Yes, exactly; it should be possible under tool.poetry with no need for a separate requirements.txt. And if you’re installing into a new clean venv (as your script enforces) and grabbing deps from PyPI, the only things that change with the user environment are the OS platforms and Python versions you support, which you should be (and sounds like you are) testing in your tox/CI/etc. matrix (at least {py_lower, py_upper} * {win, mac, linux} should get you almost all the way there, and is only 6 different combinations. While theoretically poetry’s and modern pip’s solver could resolve to a different combination if given your abstract dependencies, if given your pinned deps you shouldn’t see a difference (outside of extreme corner cases).
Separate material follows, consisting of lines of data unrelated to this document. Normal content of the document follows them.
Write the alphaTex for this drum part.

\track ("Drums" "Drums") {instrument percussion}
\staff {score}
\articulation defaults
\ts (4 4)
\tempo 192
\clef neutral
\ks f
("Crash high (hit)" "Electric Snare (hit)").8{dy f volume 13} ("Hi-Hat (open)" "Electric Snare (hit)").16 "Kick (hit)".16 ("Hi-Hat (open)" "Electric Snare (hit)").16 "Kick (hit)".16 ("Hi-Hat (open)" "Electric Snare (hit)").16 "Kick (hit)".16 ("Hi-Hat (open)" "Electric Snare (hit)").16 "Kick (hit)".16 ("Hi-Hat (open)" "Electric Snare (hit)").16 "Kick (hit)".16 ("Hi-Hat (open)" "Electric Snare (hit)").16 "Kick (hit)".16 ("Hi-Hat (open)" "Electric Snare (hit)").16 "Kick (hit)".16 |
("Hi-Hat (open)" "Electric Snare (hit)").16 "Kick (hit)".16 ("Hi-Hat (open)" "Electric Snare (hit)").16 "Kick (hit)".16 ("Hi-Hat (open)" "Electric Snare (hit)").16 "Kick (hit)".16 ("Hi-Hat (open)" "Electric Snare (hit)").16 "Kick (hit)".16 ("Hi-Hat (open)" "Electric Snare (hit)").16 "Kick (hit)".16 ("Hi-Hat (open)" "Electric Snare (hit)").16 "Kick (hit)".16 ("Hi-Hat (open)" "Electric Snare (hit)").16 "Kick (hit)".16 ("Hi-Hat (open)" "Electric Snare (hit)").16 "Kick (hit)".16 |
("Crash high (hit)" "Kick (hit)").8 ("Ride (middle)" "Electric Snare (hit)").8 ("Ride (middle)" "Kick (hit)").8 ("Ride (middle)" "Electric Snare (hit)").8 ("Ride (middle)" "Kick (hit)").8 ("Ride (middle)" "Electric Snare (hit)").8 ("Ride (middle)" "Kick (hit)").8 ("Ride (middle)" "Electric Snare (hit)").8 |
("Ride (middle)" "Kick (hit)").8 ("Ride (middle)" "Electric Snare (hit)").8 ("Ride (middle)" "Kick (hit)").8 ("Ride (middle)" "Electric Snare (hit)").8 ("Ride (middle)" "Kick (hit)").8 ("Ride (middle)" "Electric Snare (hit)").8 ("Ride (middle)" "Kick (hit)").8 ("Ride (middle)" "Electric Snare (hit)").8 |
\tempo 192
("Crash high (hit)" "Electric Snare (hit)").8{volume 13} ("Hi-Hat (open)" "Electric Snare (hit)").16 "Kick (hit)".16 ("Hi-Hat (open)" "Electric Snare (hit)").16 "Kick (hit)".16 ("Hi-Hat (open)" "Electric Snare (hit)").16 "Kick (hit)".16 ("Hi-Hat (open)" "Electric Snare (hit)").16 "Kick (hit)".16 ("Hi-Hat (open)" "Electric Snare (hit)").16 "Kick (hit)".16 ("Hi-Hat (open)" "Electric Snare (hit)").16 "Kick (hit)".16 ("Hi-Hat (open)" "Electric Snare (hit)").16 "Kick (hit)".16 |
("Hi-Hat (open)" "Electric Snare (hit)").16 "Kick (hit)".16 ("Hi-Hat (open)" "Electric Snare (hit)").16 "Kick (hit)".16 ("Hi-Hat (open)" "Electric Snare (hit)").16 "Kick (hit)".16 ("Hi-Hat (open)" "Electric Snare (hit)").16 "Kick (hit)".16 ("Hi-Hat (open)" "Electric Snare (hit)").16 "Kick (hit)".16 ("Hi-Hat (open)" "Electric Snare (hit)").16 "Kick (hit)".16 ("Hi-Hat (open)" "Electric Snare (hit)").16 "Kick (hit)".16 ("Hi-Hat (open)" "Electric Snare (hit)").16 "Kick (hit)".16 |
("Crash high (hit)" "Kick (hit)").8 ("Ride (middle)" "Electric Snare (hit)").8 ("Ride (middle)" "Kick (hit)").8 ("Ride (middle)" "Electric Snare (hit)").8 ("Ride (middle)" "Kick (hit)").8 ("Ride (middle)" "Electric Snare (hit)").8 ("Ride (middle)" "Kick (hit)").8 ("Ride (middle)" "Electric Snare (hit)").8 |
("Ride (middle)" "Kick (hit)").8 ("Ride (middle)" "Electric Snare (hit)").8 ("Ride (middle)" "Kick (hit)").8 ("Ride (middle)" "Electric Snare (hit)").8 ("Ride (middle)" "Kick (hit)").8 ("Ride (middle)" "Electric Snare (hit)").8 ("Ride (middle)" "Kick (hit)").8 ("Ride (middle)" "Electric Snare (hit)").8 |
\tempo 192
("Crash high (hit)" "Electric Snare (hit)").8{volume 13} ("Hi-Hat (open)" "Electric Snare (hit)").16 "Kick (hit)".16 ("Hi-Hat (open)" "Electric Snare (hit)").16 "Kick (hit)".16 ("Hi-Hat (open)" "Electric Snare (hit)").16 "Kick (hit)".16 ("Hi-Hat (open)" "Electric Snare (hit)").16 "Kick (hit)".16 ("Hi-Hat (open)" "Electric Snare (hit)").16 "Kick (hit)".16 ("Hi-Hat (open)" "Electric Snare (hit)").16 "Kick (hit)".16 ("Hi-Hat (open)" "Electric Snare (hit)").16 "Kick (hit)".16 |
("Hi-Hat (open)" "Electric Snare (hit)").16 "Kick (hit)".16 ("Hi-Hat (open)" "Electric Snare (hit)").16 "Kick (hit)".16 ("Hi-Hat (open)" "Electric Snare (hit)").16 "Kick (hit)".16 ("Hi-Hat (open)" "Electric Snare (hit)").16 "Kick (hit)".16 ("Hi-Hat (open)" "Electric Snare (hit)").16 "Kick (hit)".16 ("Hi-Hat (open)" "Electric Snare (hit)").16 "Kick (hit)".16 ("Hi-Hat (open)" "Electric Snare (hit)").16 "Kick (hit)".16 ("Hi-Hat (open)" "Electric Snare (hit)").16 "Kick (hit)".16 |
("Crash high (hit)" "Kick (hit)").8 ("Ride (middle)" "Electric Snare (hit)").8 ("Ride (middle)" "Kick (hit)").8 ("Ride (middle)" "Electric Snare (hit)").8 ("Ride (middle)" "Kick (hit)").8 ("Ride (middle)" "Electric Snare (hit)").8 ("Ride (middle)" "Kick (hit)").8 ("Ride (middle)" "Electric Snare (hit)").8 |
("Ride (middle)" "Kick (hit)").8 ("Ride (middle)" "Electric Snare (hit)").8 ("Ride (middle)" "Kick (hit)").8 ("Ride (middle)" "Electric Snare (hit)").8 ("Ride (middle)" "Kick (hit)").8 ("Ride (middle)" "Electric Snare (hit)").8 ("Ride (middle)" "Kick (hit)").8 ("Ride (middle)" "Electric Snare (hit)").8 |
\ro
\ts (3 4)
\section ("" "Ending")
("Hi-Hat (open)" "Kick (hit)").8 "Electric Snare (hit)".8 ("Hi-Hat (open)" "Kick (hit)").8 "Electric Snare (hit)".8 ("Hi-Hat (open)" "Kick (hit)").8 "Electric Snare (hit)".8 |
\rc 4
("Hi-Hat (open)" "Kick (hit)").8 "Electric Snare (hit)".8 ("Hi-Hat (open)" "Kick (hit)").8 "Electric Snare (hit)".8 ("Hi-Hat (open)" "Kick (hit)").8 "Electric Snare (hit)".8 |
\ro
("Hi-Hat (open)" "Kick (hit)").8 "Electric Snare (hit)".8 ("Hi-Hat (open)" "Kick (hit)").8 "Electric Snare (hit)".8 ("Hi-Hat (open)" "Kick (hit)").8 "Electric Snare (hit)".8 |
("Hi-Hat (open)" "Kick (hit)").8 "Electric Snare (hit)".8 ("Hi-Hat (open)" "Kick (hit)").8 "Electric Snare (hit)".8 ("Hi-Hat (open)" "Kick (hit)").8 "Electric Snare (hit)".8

Won’t this just pin the primary dependencies, not the lower-level libraries upon which they depend? The poetry.lock file or a requirements.txt generated from it specifies every package anywhere in the dependency graph. I guess maybe you could somehow put all this in pyproject.toml but I assume not otherwise there would be no reason for PEP665.

You’re conflating the concept of dependency specification for packages vs applications. See PEP 665 Terminology section.

The pinned dependency file you speak of (e.g., requirements.txt from pip freeze or poetry.lock) is known in PEP 665 as the lock file. This includes all dependencies — both high- and low- level. These specification are meant for applications.

On the other hand, the package dependency file like the pyproject.toml (i.e., as used by poetry or PEP 631) contains top-level dependencies (there are sometimes good reasons to constrain lower-level ones). These specification are meant for packages.

Back to can poetry. Yes you can pin dependencies. Theoretically, you can pin all low-level dependencies too. However, don’t do; poetry already do that for you with a lock file.

Absolutely, and that’s why I was questioning the previous recommendations to use pyproject.toml in that way. However poetry.lock is not a perfect solution as it isn’t part of the wheel metadata and cannot be used by pip. My target systems/users would all need Poetry as a prerequisite. I really want to distribute apps such that the only prerequisite is Python itself.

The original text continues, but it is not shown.